On Tue, May 16, 2006, Mohammed Sameer wrote about "Re: [OT?] Re: A (too huge) Arabic word-list (with prefixes) for spell-checkers":
> > Like everything(?), Hspell is basically composed of three parts:
> >  1. The inflection code: taking base words and a few hints for each,
> >     and producing a list of all legal inflections.
>...
> > Part #1 is only useful for Arabic as an idea, a technique that we proved
> > useful and very easy to implement (a protype useful for about 50% of the
> > Hebrew language was done in a few days). I'll gladly explain more about this
> > idea to anyone interested in listening. Obviously, the specific inflection
> > rules we wrote will not apply directly to Arabic.
> 
> I'd really love to know, If you have time.
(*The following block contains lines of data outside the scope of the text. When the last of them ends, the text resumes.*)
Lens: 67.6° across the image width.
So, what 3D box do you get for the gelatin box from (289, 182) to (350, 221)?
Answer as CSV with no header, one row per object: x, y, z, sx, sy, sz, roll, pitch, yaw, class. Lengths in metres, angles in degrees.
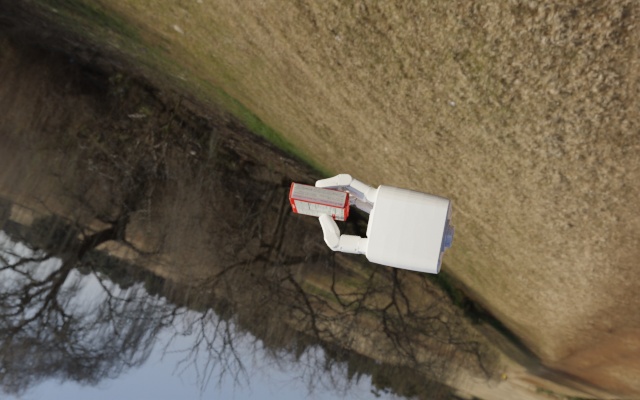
0.000,0.003,0.741,0.089,0.030,0.073,9,-16,5,gelatin box
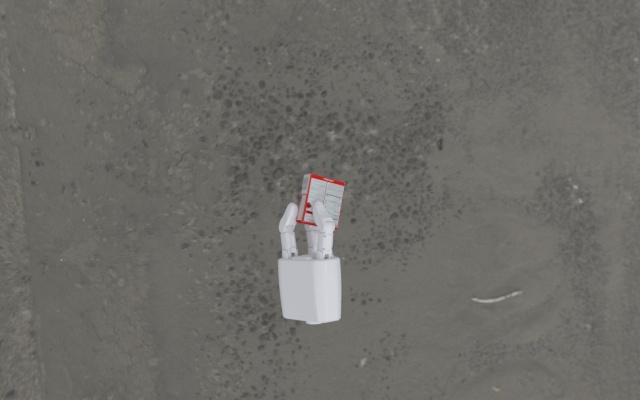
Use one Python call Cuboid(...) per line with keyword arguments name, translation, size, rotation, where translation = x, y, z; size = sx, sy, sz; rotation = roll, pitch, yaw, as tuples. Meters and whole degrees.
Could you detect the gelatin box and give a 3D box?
Cuboid(name="gelatin box", translation=(0.000, 0.002, 0.850), size=(0.073, 0.089, 0.030), rotation=(13, -6, -28))
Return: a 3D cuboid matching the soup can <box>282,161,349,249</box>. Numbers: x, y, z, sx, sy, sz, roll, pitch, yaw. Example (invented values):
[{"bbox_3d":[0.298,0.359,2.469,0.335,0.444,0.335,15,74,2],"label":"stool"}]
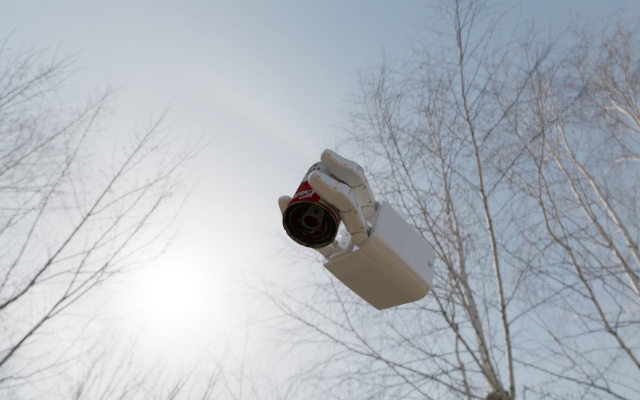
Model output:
[{"bbox_3d":[0.000,0.002,0.597,0.068,0.068,0.102,0,33,18],"label":"soup can"}]

Here is the idea, in brief. You can find a longer, but better written,
overview of Hspell's structure in
	http://ivrix.org.il/projects/spell-checker/doc/short.ps.gz

As I assume you don't know Hebrew, I'll try to give examples in Arabic,
but please forgive my lousy Arabic.

Our goal was to produce a complete list of all legal word forms in Hebrew -
not just base forms, but also nouns in plural and with possesives, verbs
in all tenses and all subjects (I, he, she, etc.), and so on. This word list
can be used by a very simple spell-checker code which just checks if each
input word is in the legal word list. aspell is an example of such code.
(NOTE: we also have to deal with prefix particles, such as "the", "in",
etc., but I'll ignore this issue in this mail; It's treated in the article).
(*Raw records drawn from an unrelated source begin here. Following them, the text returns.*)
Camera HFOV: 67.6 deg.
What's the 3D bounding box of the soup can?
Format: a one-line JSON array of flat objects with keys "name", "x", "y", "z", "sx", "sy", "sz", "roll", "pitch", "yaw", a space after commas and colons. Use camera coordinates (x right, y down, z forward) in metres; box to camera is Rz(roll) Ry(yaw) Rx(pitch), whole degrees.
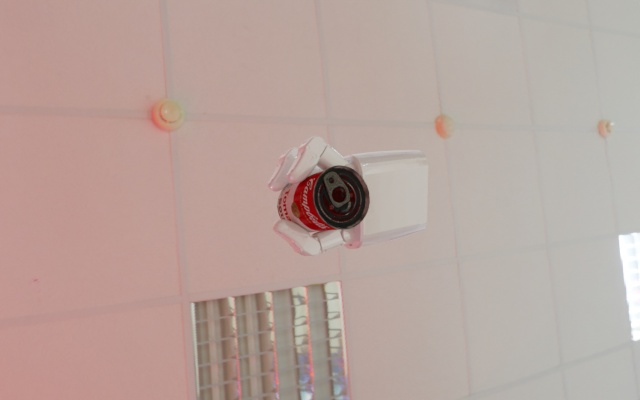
[{"name": "soup can", "x": 0.000, "y": 0.002, "z": 0.542, "sx": 0.068, "sy": 0.068, "sz": 0.102, "roll": 0, "pitch": -6, "yaw": -27}]
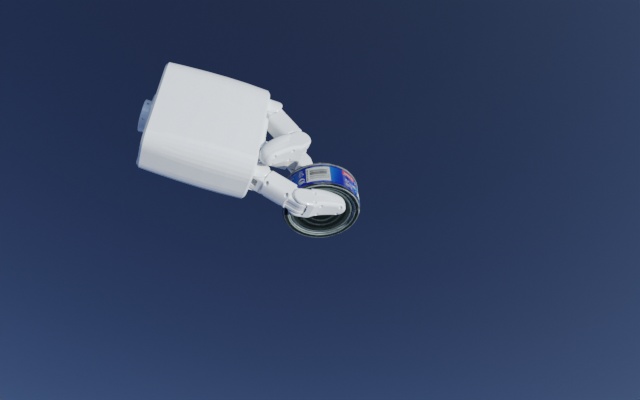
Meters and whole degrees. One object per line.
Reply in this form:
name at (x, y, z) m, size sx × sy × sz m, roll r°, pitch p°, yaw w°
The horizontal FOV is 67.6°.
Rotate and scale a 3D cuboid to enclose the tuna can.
tuna can at (0.000, 0.002, 0.524) m, size 0.086 × 0.086 × 0.033 m, roll -3°, pitch 45°, yaw -3°
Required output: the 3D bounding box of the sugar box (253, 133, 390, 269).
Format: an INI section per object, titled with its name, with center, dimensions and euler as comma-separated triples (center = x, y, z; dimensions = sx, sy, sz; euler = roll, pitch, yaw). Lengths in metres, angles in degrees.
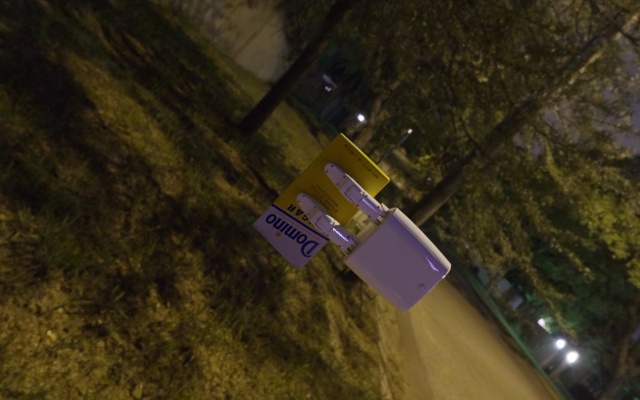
[sugar box]
center = 0.000, 0.002, 0.653
dimensions = 0.093, 0.176, 0.048
euler = 44, 9, 1
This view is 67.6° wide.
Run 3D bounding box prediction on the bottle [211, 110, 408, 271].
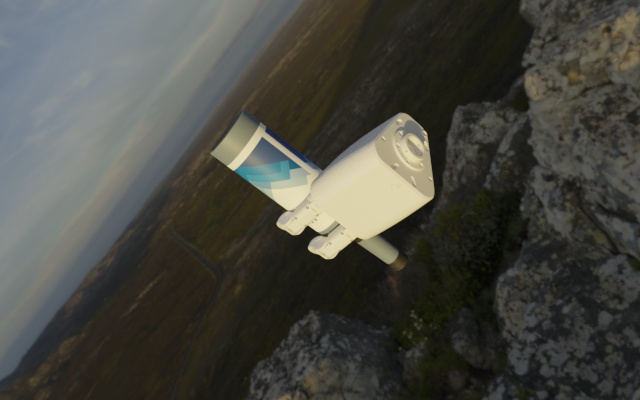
[{"bbox_3d":[0.000,0.002,0.614,0.296,0.069,0.069,37,-13,-18],"label":"bottle"}]
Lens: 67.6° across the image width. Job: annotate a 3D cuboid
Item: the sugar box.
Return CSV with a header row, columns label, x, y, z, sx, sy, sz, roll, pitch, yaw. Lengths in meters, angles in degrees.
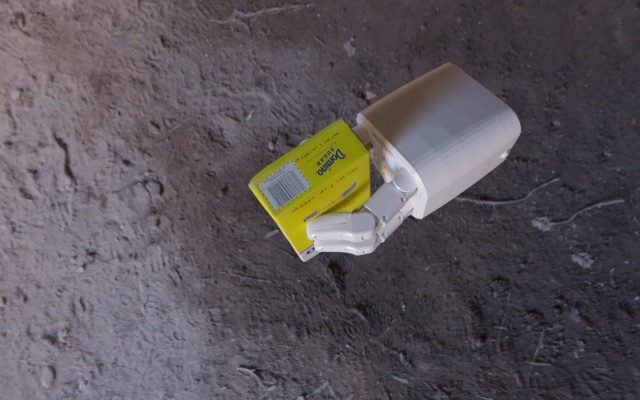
label,x,y,z,sx,sy,sz,roll,pitch,yaw
sugar box,0.000,0.002,0.450,0.093,0.048,0.176,-34,-21,-5
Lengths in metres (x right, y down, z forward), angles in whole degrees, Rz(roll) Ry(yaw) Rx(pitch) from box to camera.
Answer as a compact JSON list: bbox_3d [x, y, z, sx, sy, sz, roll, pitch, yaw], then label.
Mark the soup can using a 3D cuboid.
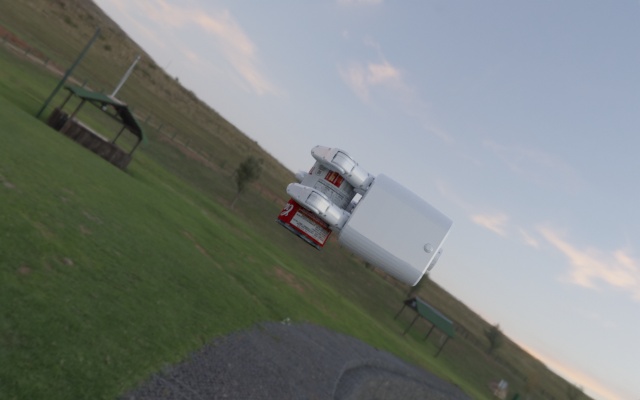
[{"bbox_3d":[0.000,0.001,0.596,0.068,0.102,0.068,33,-7,4],"label":"soup can"}]
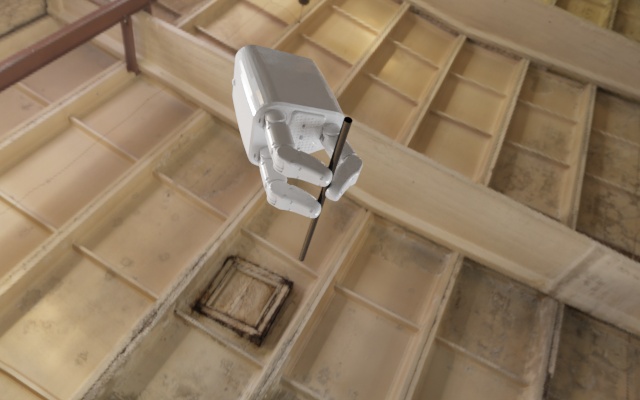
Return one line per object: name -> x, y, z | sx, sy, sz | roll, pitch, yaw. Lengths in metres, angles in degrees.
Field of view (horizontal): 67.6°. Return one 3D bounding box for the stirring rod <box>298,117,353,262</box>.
stirring rod -> 0.000, 0.002, 0.510 | 0.011, 0.011, 0.240 | 0, -37, -14

In fact, making our word list useful for aspell was one of the original
goals in our choosing this approach for Hspell.

Naturally, we don't want to manually insert all the inflections for each
noun and verb. This is not only extremely slow and labor-intensive, it's
also a sure-fire way to make many errors because nobody can do such boring
repetitive work without making mistakes.

Instead, let's look at one base word, a noun, say "klb" (dog). We can
easily write an inflection program that given the input line

	klb noun

generates the base word, and its possesives:

	klb	(dog)
	klbi	(my dog)
	klbk	(your dog)
	...

However, the program cannot guess what the plural looks like, because Arabic
(and to a lesser degree, also Hebrew) has several forms of plural. In this
case, the correct plural is formed by putting an aliph before the end of the
word. Let's call this form of plural "aliph_end", and give the inflection
program the following input

	klb noun,aliph_end

and when it sees this it generates

	klb, klbi, klbk...
	klab, (dogs)
	klabk, (your dogs)
	...
	klbein (two dogs)

We can similarly inflect other nouns which have the same pluralization rule,
say,

	bnt noun,aliph_end	(girl)

(note that the fact that the vowels in bnt and klb are different doesn't really
matter to us if we aim (like Hspell does) for vowel-less spelling.)
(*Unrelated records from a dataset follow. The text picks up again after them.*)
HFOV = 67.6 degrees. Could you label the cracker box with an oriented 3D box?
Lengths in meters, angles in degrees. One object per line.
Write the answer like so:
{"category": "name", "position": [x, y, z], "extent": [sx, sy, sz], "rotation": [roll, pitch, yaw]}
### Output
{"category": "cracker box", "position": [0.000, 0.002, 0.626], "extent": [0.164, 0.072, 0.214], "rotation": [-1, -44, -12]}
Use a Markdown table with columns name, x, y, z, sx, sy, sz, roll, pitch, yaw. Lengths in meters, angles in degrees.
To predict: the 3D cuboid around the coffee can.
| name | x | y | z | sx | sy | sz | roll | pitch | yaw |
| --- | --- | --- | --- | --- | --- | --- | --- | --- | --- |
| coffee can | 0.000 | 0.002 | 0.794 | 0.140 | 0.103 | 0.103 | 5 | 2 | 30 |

Other nouns need to be pluralized differently, but in Hebrew 99% of the words
have just 4 types of basic pluralization rules, and I'm guessing that Arabic
also has a finite number of them (for the exceptional cases, you can add an
option like "plural=..." to manually specify the plural).

After two days of Perl programming, my noun inflector could probably inflect
correctly 50% of all Hebrew nouns (of course, I didn't have all of them in
my lexicon - I had something like 100 :-)).
It took more work, and more inflection hints, until we could confidently say
that we can inflect correctly every nouns in the Hebrew language (when given
the appropriate hints, of course).

Note, by the way, how easy it is to add more words to the lexicon - sometimes
it's enough to just say something is a noun (and the code guesses the correct
hints correctly), and sometimes you just need to add a short textual hint -
no need to change code, no need to use obscure regular expressions or numbers
or whatever.

While I was working on nouns, Dan was doing similar work for verbs. The
verb inflector is given a 3-letter root, the "binyanim" (forms of verb
inflection - the same concept also exists in Arabic), and sometimes more
hints, and inflects them correctly. Correct verb inflection requires a bit
more grammar knowledge, but this sort of knowledge is available in many
grammar books.

For a slightly longer (but more organized) recount of the same story, in
English also, you can take a look at
	http://ivrix.org.il/projects/spell-checker/doc/short.ps.gz

> I'm not sure about the formation of Hebrew words, But in Arabic we have roots
> You then derive the various words from those words by adding letters to the,
> beginning, end or in the middle, Sometimes you change one letter or more, How
> are the Hebrew inflections formed ?

Very similarly.
But note that for most intents and purposes, the roots of Hebrew nouns do not
really matter, and you can start with the base form of the noun without caring
about its root (this also allows for nouns with foreign origin).
For verbs, starting with the roots is advised.

> set you need, Unfortunately I don't really like this approach for 3 reasons:
> 1) The data set is the hardest part to get.

Indeed. Which is why we worked incrementally, slowly but surely. Hspell 0.1,
released after two months of intensive work by Dan and myself, had 7350
base words (after inflection, 125,022 words result). Three and a half years
later, Hspell 1.0 has 22589 base words.
The great thing is that Hspell was use already useful with a small lexicon,
and became more and more useful as the lexicon grew. You don't need to start
with a huge lexicon, and can work incrementally, over years.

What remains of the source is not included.